Finding ways to push back against online surveillance and digital authoritarianism is therefore vital to preserve the gains of Africa’s post-colonial democratic progress

Greater checks and balances on authorities’ ability to monitor citizens are needed. One way would be for civil society groups to pressure policymakers to focus on strengthening domestic data protection laws and agencies. These only exist in roughly half of African countries.
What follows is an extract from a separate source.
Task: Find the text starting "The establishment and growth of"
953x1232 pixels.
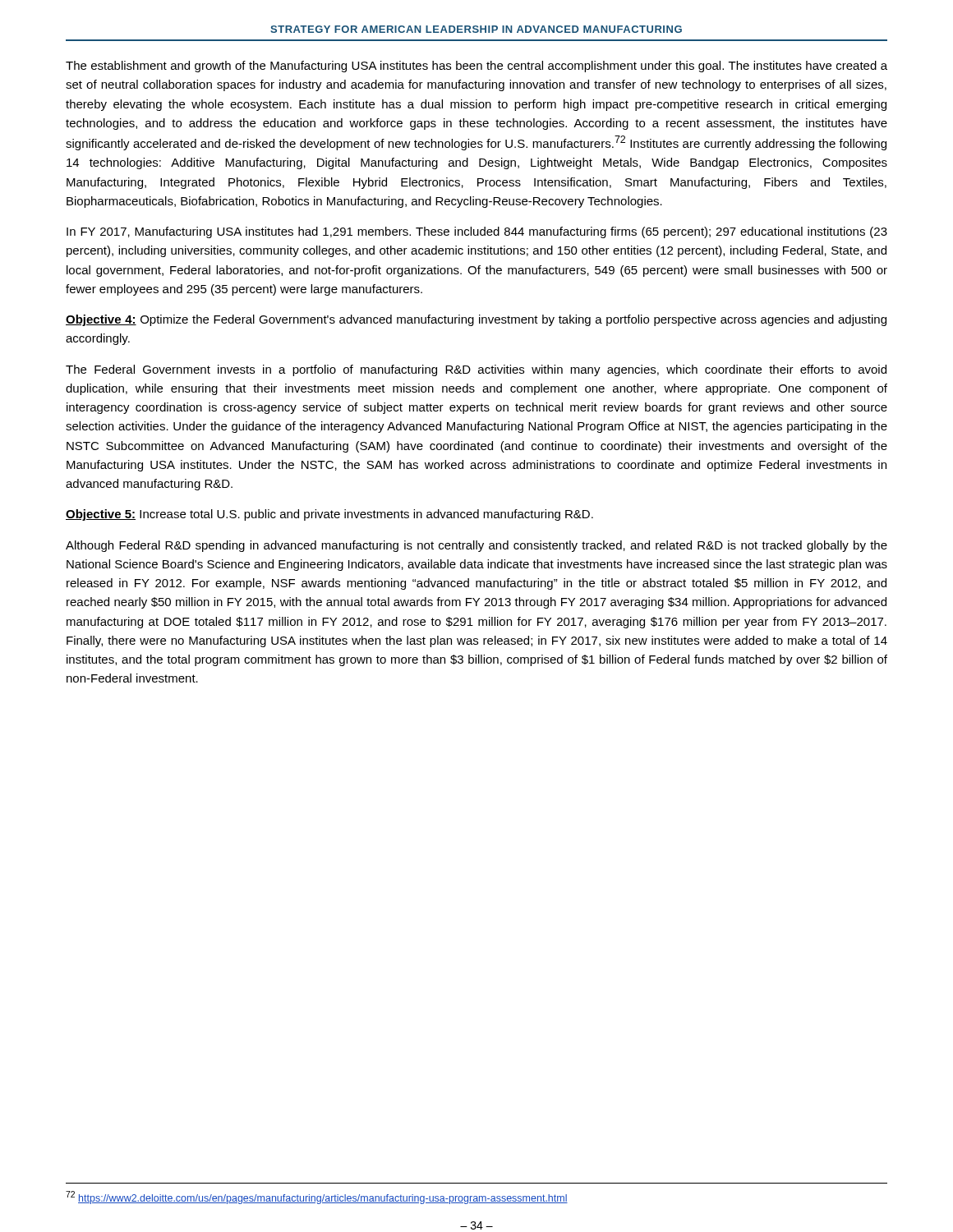Action: [x=476, y=133]
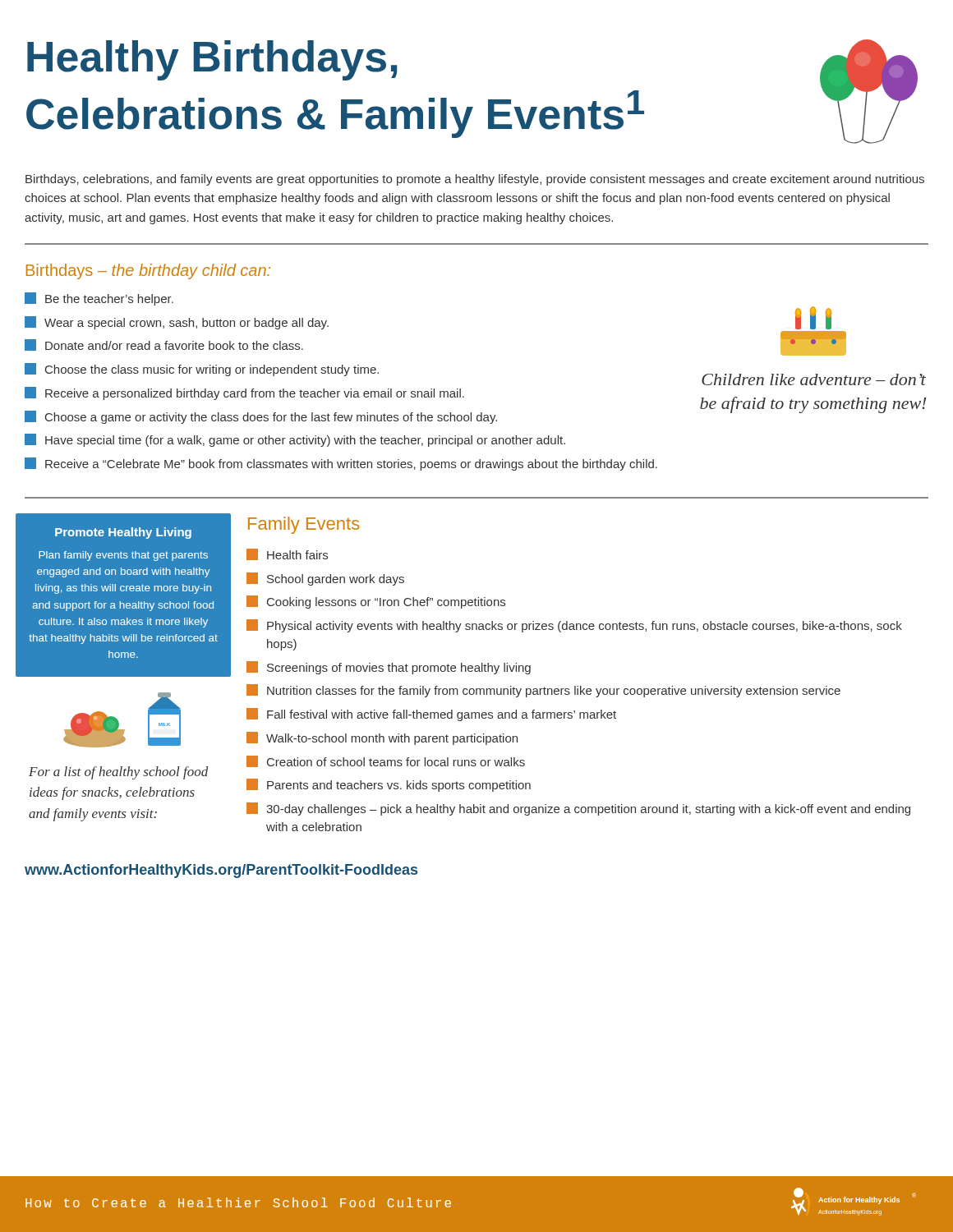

Compounding this void of accountability is that the African Union’s Convention on Cyber Security and Personal Data Protection has been ratified by just 14 out of 55 countries despite being adopted nearly a decade ago. Procurement policies for the use of AI-enabled technologies by public sector entities – tools that can indeed deliver tremendous economic and social benefits – should be made more transparent as well, through enhanced regulation and reporting requirements.

The rise in digital surveillance is not unique to Africa. In its annual report on online freedoms released last year, US-based watchdog group Freedom House notes that digital liberty is under threat by authoritarian actors worldwide.

Yet, according to Freedom House, the expansion of internet freedoms in at least 28 countries recently has been based on a proven combination of four interrelated tactics. These include pressuring tech companies to reject unreasonable state requests for suspending users’ accounts and petitioning courts to intervene against heavy-handed attempts at censorship.

Lawmakers who put democratic rights and digital freedoms at the centre of their campaigns should also be rewarded with electoral support – the hope being that, once in office, they advocate for a positive vision for the internet’s future in multilateral settings.

Veteran observers rightfully point out that democracy alone is not a solution for Africa’s development challenges. But as the continent’s nations build out their digital capacities in the coming years, these newfound capabilities should not enable regressive regimes to stymie the political aspirations of their people.